The Influential Clan of Sangamner

Updated: Oct 30, 2024

Thorat and Vikhe Patil

Saturday morning began with an angry campaign by Congress workers against BJP in Sangamner as BJP candidate Sujay Vikhe Patil’s party colleague made offensive remarks against Jayshree Thorat, daughter of senior Congress leader Balasaheb Thorat. Jayshree, an oncologist, was campaigning for her father who is leading his party in the seat sharing talks of the MVA. Jayshree, a member of the Congress, is the third generation of the Thorat family to be involved in public life.


The angry outburst against the BJP man who made objectionable comments against her, is also a reflection of the bitter rivalry between Thorat and Vikhe Patil who have been battling each other for supremacy over the region. Balasaheb Thorat, whose official name is Vijay, is an eight-time MLA from Sangamner and is the former head of the Maharashtra Pradesh Congress Committee. Known to be warm and approachable to his party workers, Thorat comes with considerable experience in the cooperative movement in Maharashtra, having formed a milk cooperative and founded several cooperative educational institutes under the name Amrutwahini. Over his three decade long political career, he’s served as the minister for agriculture and revenue.


Thorat’s father Bhausaheb was a freedom fighter and staunch Congress leader from Ahmednagar who is known to have worked for the cause of the farmers and peasant community. It is said that when he was denied a ticket by the Congress in 1985, Bhausaheb introduced his son into electoral politics and while the second generation Thorat contested as an Independent candidate and won, he returned to the Congress fold and has been a staunch and loyal party worker since then. He’s never lost a single election since 1985 and the uninterrupted tenure has seen Thorat hold several positions of power, in the government.

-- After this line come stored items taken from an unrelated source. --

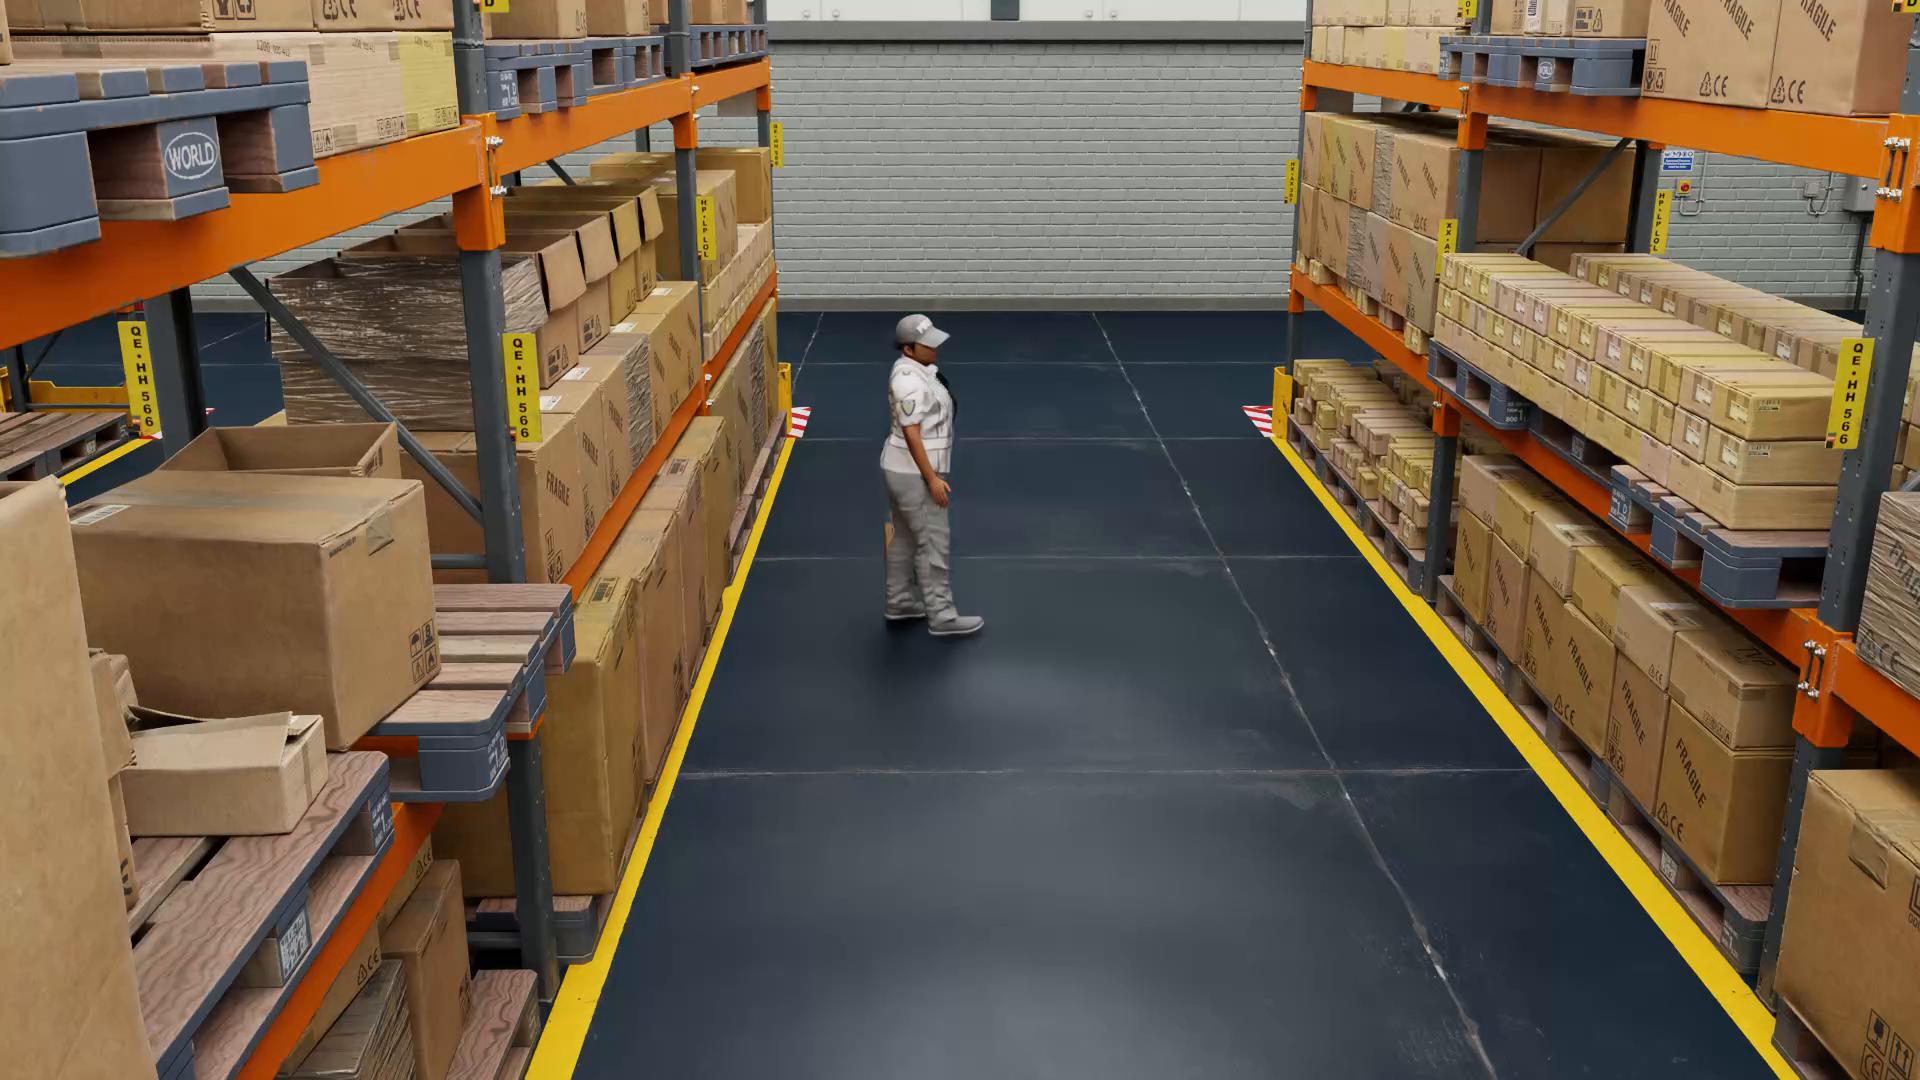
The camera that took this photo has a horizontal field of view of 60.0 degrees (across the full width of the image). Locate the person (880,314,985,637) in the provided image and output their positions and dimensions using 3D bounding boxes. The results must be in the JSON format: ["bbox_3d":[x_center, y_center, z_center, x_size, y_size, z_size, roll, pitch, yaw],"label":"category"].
[{"bbox_3d":[-0.143,-0.335,8.558,0.536,1.669,0.550,-1,17,-2],"label":"person"}]
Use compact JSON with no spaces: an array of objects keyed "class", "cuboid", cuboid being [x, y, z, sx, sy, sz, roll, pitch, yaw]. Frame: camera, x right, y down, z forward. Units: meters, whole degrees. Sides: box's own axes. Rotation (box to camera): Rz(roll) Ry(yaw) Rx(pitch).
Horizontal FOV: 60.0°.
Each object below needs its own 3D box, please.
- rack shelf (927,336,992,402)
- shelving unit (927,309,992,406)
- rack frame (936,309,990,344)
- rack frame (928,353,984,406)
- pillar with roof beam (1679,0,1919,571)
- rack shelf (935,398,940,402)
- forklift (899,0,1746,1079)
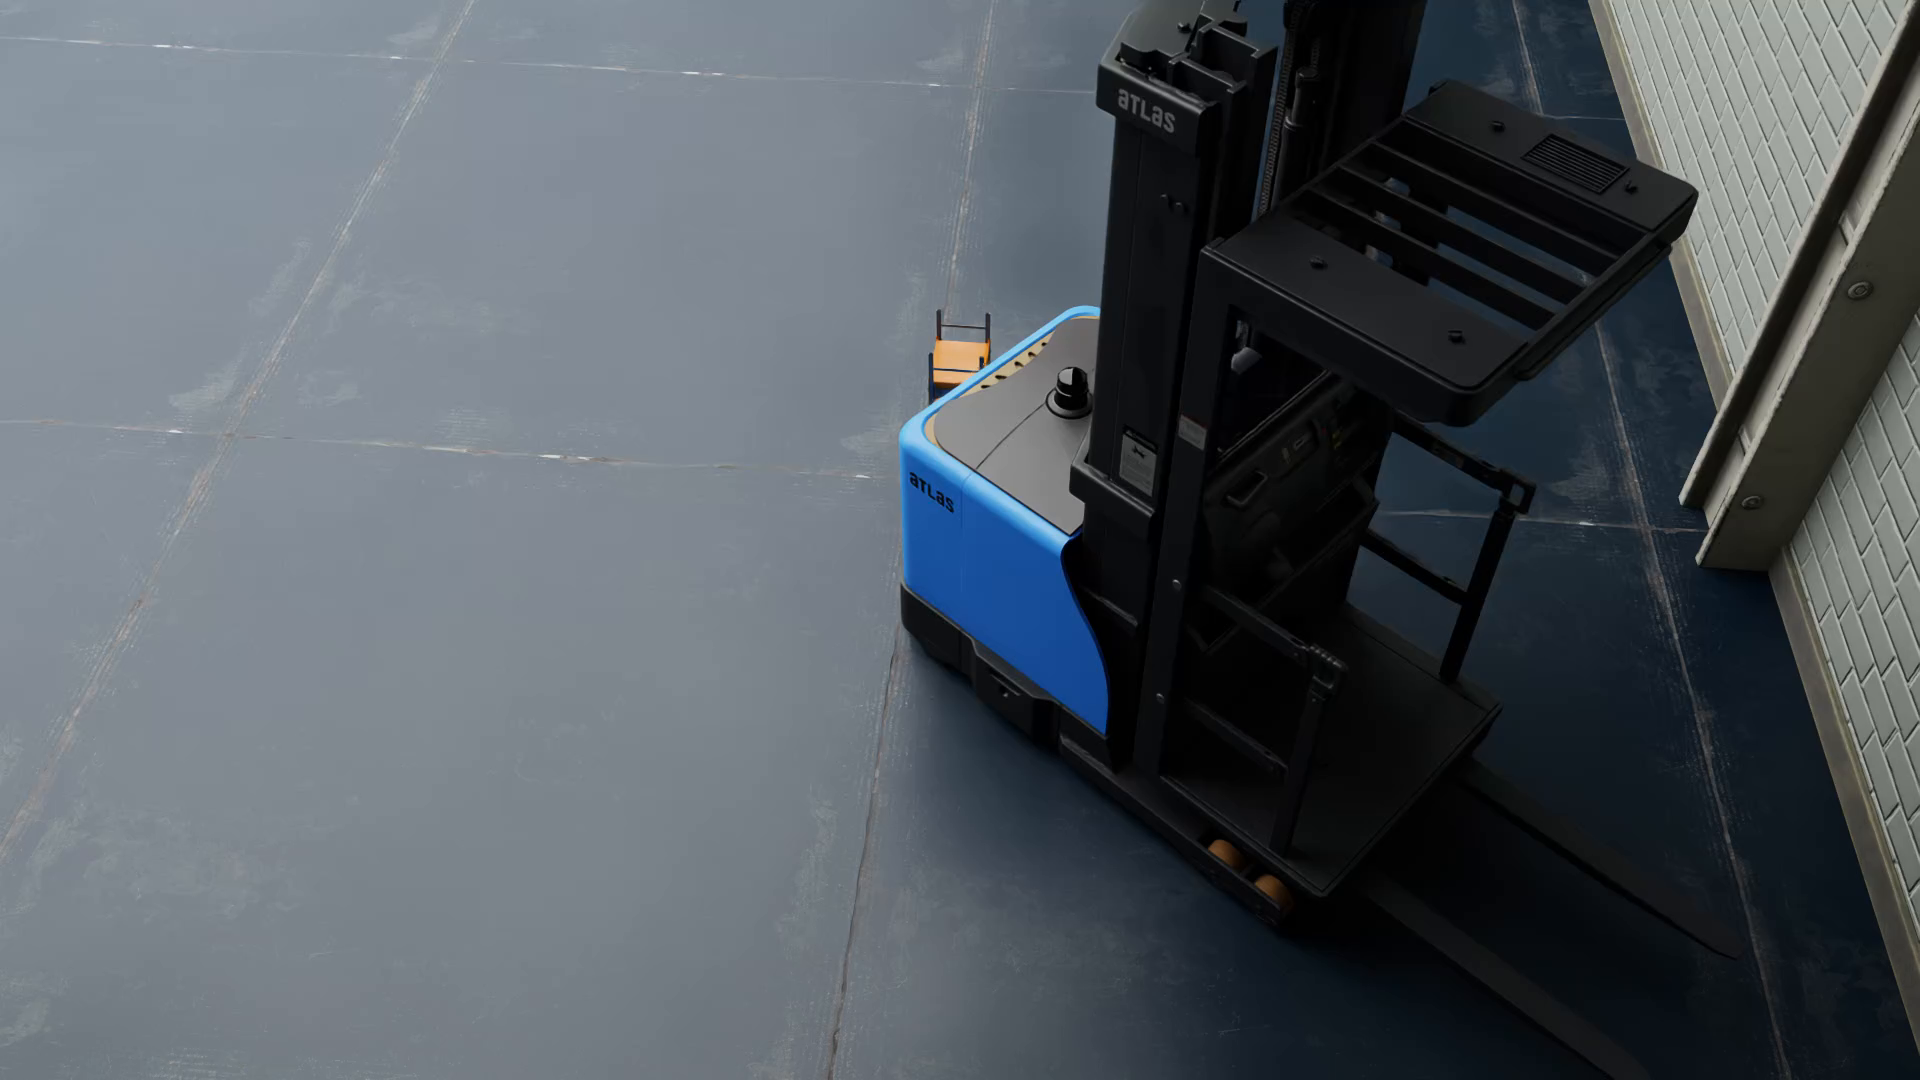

Another Congress leader from the region, Sudhir Tambe, is Thorat’s brother-in-law and the two families have, for long, enjoyed considerable influence over the politics of Sangamner through their institutes and sugar mills. Tambe has been a Congress legislator in the upper house for the past 18 years but on the eve of the biennial Vidhan Parishad elections last year, withdrew from the fray to make way for his son Satyajit Tambe who contested as an Independent with the tacit support of the BJP and the Congress. Fadnavis had good naturedly cautioned Thorat that the BJP had set its sights on the young Tambe.